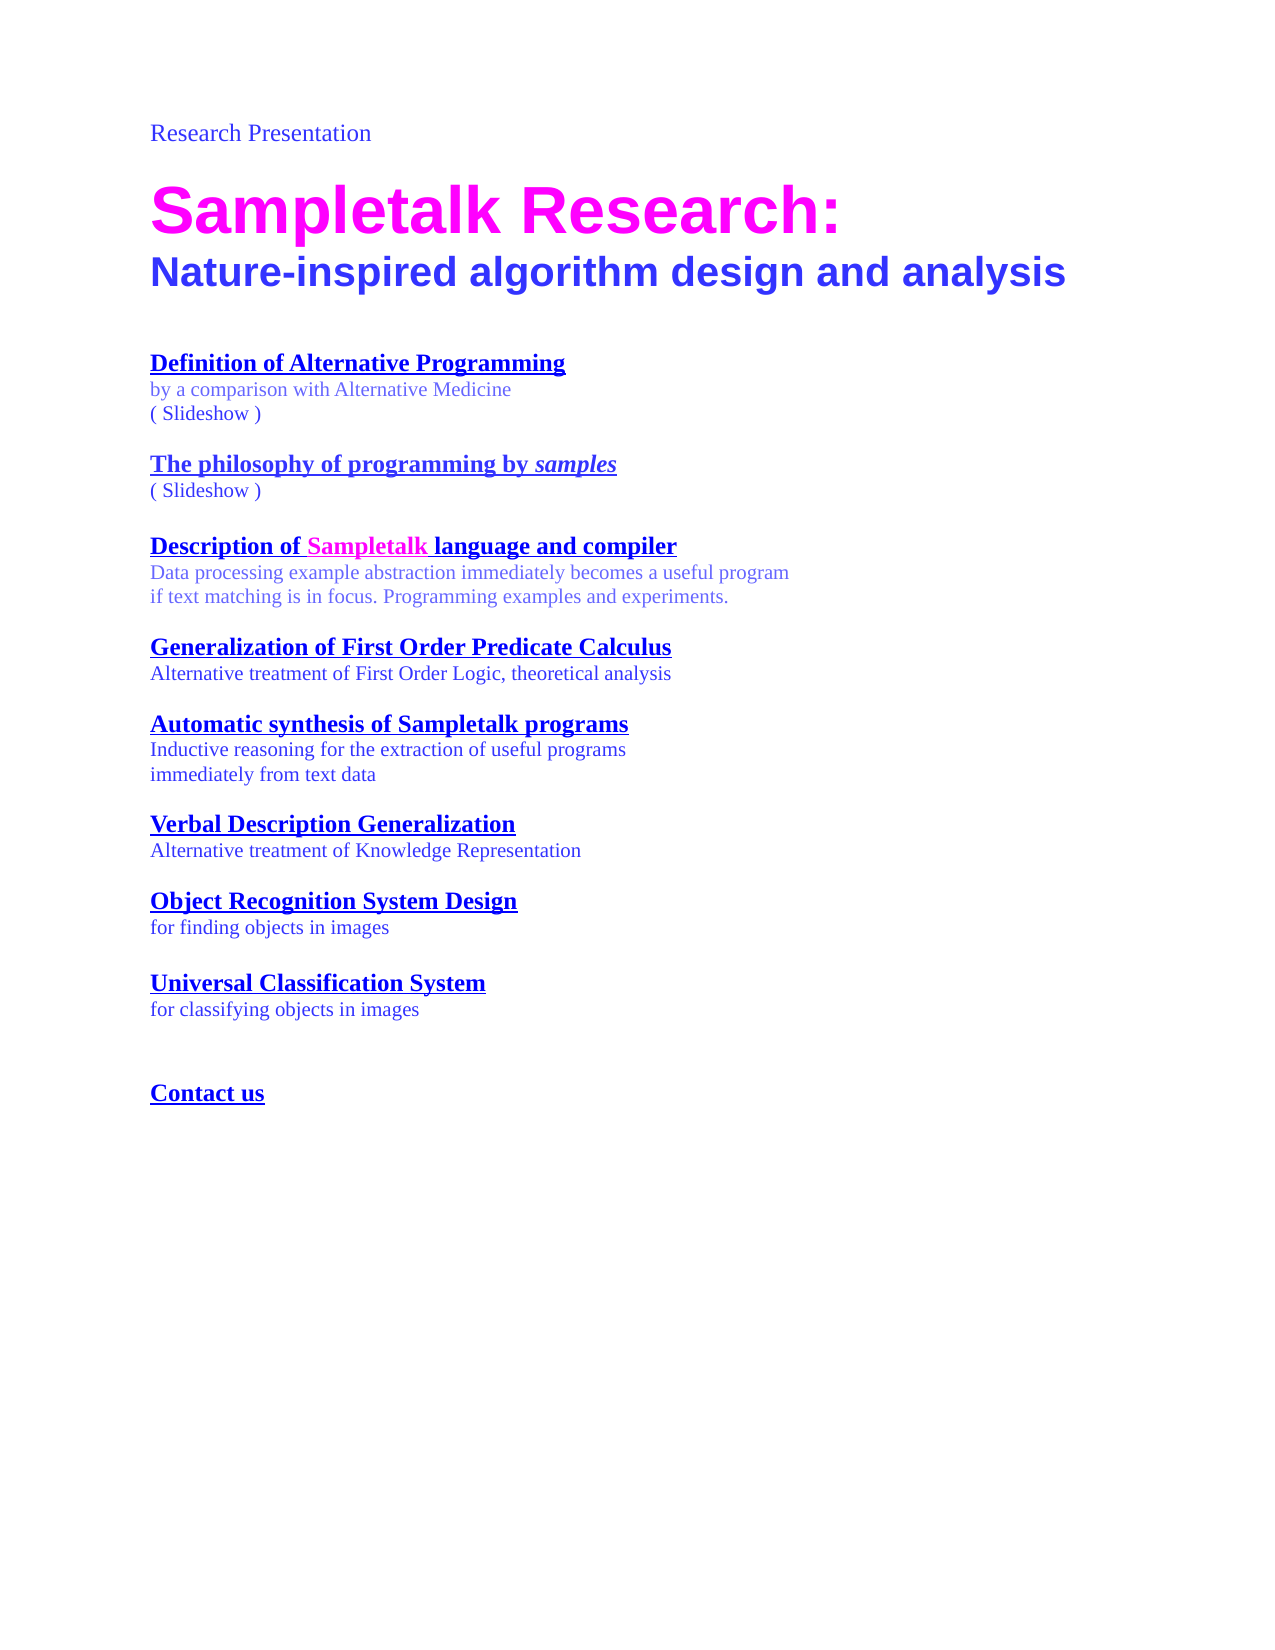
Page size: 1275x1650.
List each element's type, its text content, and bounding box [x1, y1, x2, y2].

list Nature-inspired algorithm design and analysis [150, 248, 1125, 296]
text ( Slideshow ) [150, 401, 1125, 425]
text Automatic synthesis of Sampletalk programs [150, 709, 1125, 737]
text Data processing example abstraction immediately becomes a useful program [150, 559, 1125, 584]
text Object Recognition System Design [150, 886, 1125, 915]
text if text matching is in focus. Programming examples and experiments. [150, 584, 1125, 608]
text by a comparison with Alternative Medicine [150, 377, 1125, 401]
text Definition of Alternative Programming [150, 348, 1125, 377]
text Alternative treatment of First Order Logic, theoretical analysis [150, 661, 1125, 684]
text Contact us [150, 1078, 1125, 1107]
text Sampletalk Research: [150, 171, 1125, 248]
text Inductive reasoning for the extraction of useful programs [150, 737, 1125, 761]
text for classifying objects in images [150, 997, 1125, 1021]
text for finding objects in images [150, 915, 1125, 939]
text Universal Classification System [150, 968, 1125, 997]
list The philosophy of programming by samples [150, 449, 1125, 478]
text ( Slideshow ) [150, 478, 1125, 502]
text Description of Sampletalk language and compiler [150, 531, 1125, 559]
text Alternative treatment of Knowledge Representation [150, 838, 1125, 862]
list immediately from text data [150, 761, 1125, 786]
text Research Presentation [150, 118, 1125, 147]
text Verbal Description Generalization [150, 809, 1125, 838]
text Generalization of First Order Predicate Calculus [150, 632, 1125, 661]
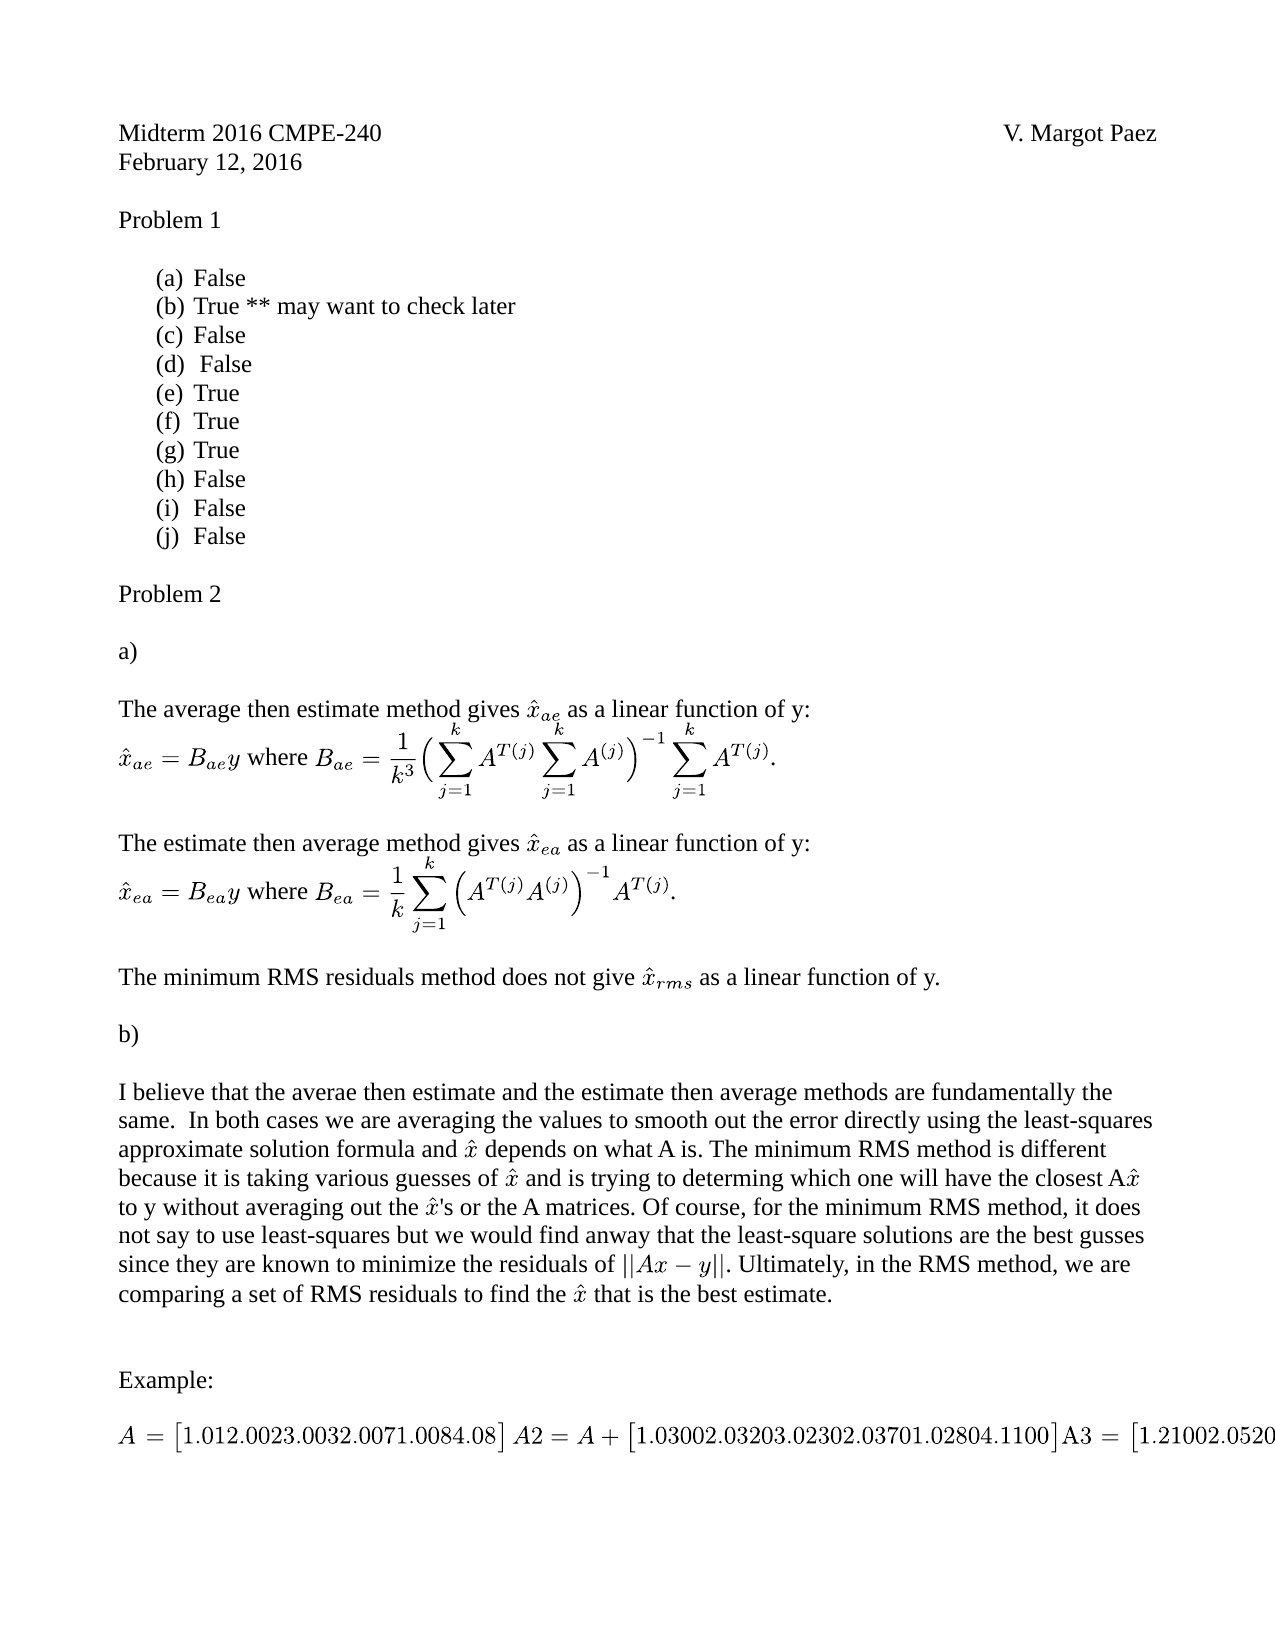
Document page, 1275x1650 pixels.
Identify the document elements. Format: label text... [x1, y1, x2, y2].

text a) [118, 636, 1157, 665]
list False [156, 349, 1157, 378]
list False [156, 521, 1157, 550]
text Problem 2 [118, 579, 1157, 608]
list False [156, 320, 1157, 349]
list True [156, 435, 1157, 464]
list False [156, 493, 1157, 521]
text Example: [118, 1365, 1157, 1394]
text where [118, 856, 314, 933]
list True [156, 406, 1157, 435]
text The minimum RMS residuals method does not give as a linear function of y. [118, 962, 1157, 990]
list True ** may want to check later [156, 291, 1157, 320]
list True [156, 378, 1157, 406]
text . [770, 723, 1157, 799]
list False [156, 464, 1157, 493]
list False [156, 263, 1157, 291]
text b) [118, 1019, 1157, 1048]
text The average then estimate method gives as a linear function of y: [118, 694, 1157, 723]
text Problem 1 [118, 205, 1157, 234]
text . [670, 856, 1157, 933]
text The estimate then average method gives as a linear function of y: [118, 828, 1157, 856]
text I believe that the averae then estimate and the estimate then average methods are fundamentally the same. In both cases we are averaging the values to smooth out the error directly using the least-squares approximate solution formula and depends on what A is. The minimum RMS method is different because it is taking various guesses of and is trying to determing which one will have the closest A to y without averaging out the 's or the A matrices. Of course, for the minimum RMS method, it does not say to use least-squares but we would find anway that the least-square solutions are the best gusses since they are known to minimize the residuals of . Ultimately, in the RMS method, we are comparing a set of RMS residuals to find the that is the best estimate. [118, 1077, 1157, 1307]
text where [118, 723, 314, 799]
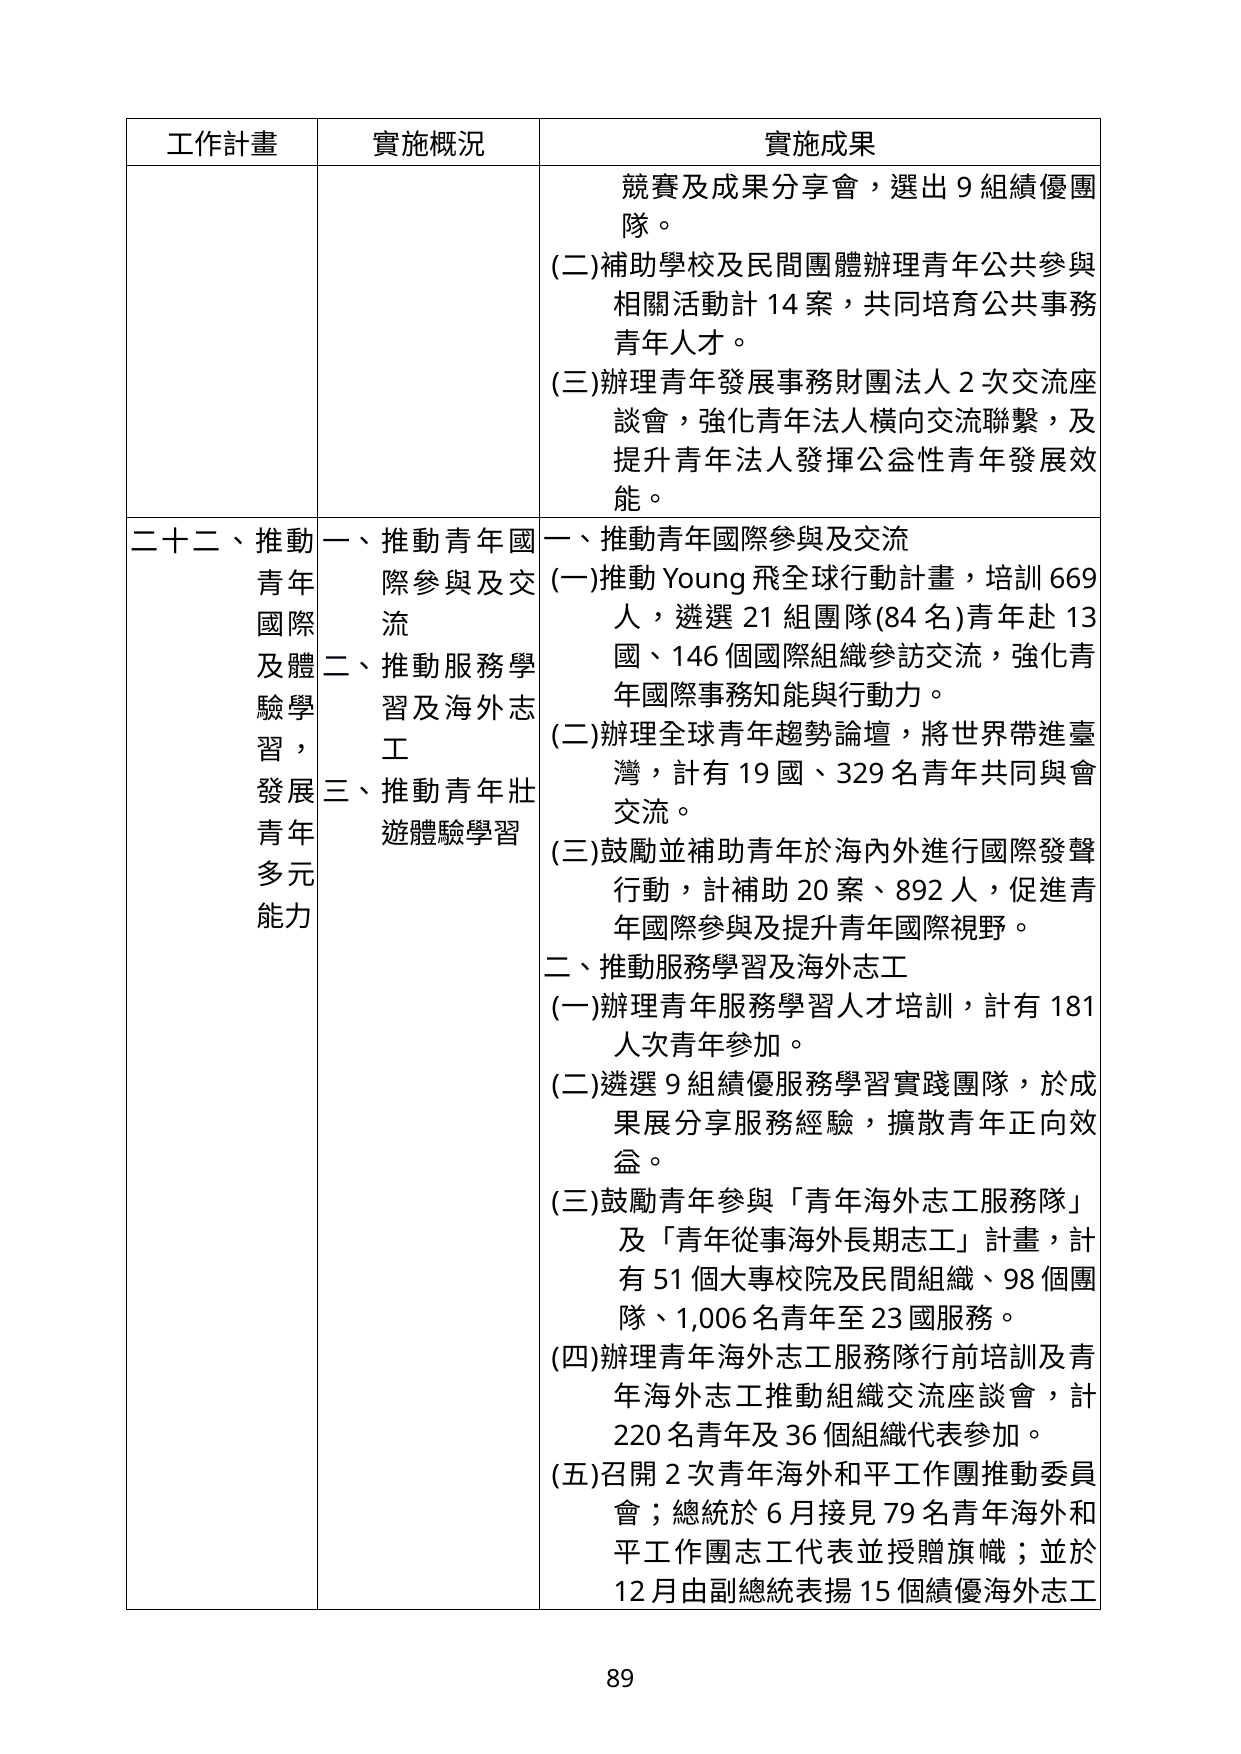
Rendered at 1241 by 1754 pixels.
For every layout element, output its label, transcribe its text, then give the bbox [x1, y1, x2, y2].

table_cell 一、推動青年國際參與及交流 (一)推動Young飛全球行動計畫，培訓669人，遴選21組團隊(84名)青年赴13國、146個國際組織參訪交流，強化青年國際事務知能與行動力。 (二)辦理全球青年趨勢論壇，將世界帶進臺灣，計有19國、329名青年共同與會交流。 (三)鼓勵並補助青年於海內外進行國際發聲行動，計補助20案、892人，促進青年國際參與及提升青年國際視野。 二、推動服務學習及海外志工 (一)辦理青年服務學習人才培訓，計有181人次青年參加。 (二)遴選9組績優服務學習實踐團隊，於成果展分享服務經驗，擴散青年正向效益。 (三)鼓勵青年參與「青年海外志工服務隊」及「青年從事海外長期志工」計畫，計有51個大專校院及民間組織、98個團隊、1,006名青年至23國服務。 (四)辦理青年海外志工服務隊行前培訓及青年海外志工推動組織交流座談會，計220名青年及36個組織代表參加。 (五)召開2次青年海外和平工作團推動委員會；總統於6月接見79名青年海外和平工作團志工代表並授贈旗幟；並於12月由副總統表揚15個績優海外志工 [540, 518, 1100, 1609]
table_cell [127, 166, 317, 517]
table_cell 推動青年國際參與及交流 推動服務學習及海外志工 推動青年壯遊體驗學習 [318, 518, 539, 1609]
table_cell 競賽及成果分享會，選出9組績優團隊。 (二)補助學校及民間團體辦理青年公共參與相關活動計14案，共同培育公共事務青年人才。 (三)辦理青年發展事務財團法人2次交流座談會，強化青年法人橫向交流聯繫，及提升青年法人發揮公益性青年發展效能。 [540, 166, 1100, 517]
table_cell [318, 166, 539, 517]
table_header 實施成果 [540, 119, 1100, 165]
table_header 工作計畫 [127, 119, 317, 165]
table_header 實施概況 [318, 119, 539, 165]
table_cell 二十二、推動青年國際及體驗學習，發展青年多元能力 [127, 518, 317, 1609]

§ **TASK REQUIREMENTS**
Which lines of the listing above hold the word "images"? Copy each of them.

§ **TASK RESULT**
text for classifying objects in images [150, 997, 1125, 1021]
text for finding objects in images [150, 915, 1125, 939]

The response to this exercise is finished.